* **WHAT TO DO**: Everything in the listing should be transcribed exactly, apart from the pictures.

EXCERPTED DATA Block Start

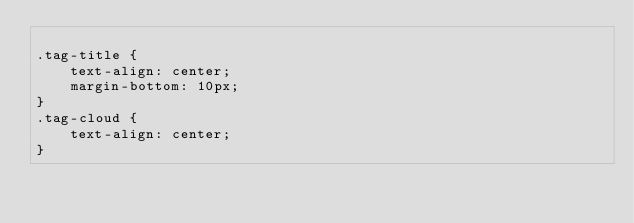Convert code to text. <code><loc_0><loc_0><loc_500><loc_500><_CSS_>
.tag-title {
    text-align: center;
    margin-bottom: 10px;
}
.tag-cloud {
    text-align: center;
}</code> 
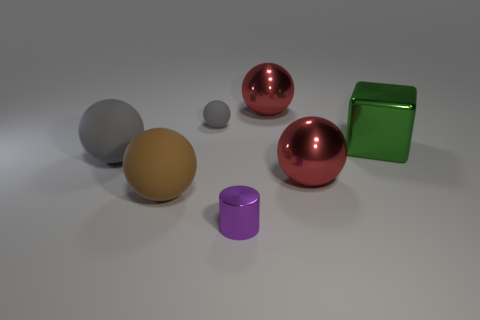Subtract all small matte spheres. How many spheres are left? 4 Subtract 1 spheres. How many spheres are left? 4 Subtract all green balls. Subtract all cyan cylinders. How many balls are left? 5 Add 1 large green objects. How many objects exist? 8 Subtract all cylinders. How many objects are left? 6 Add 4 small balls. How many small balls are left? 5 Add 3 large green metallic blocks. How many large green metallic blocks exist? 4 Subtract 0 blue cylinders. How many objects are left? 7 Subtract all brown matte things. Subtract all big objects. How many objects are left? 1 
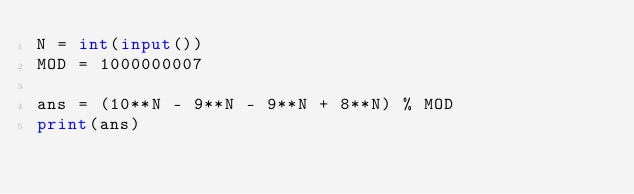<code> <loc_0><loc_0><loc_500><loc_500><_Python_>N = int(input())
MOD = 1000000007

ans = (10**N - 9**N - 9**N + 8**N) % MOD
print(ans)</code> 
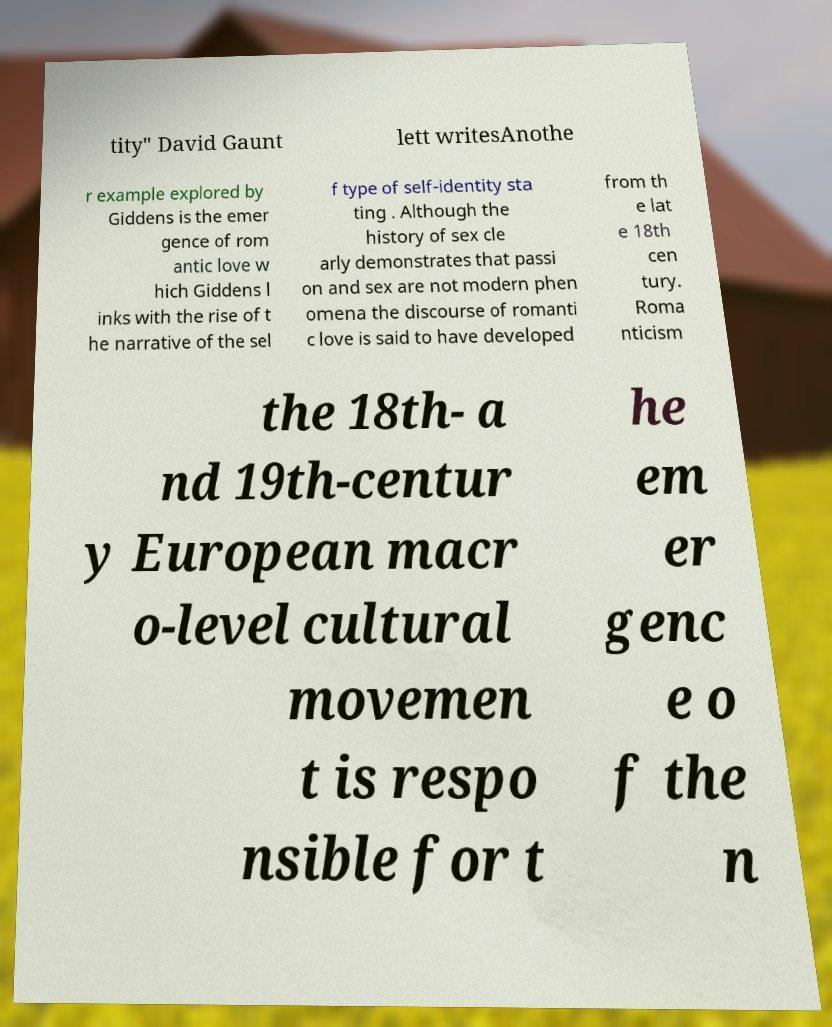Can you accurately transcribe the text from the provided image for me? tity" David Gaunt lett writesAnothe r example explored by Giddens is the emer gence of rom antic love w hich Giddens l inks with the rise of t he narrative of the sel f type of self-identity sta ting . Although the history of sex cle arly demonstrates that passi on and sex are not modern phen omena the discourse of romanti c love is said to have developed from th e lat e 18th cen tury. Roma nticism the 18th- a nd 19th-centur y European macr o-level cultural movemen t is respo nsible for t he em er genc e o f the n

EXCERPTED DATA Block End

* **TASK ANSWER**:
Convert code to text. <code><loc_0><loc_0><loc_500><loc_500><_CSS_>
.tag-title {
    text-align: center;
    margin-bottom: 10px;
}
.tag-cloud {
    text-align: center;
}</code> 
Subtract all small matte spheres. How many spheres are left? 4 Subtract 1 spheres. How many spheres are left? 4 Subtract all green balls. Subtract all cyan cylinders. How many balls are left? 5 Add 1 large green objects. How many objects exist? 8 Subtract all cylinders. How many objects are left? 6 Add 4 small balls. How many small balls are left? 5 Add 3 large green metallic blocks. How many large green metallic blocks exist? 4 Subtract 0 blue cylinders. How many objects are left? 7 Subtract all brown matte things. Subtract all big objects. How many objects are left? 1 
<code> <loc_0><loc_0><loc_500><loc_500><_Python_>N = int(input())
MOD = 1000000007

ans = (10**N - 9**N - 9**N + 8**N) % MOD
print(ans)</code> 
Can you accurately transcribe the text from the provided image for me? tity" David Gaunt lett writesAnothe r example explored by Giddens is the emer gence of rom antic love w hich Giddens l inks with the rise of t he narrative of the sel f type of self-identity sta ting . Although the history of sex cle arly demonstrates that passi on and sex are not modern phen omena the discourse of romanti c love is said to have developed from th e lat e 18th cen tury. Roma nticism the 18th- a nd 19th-centur y European macr o-level cultural movemen t is respo nsible for t he em er genc e o f the n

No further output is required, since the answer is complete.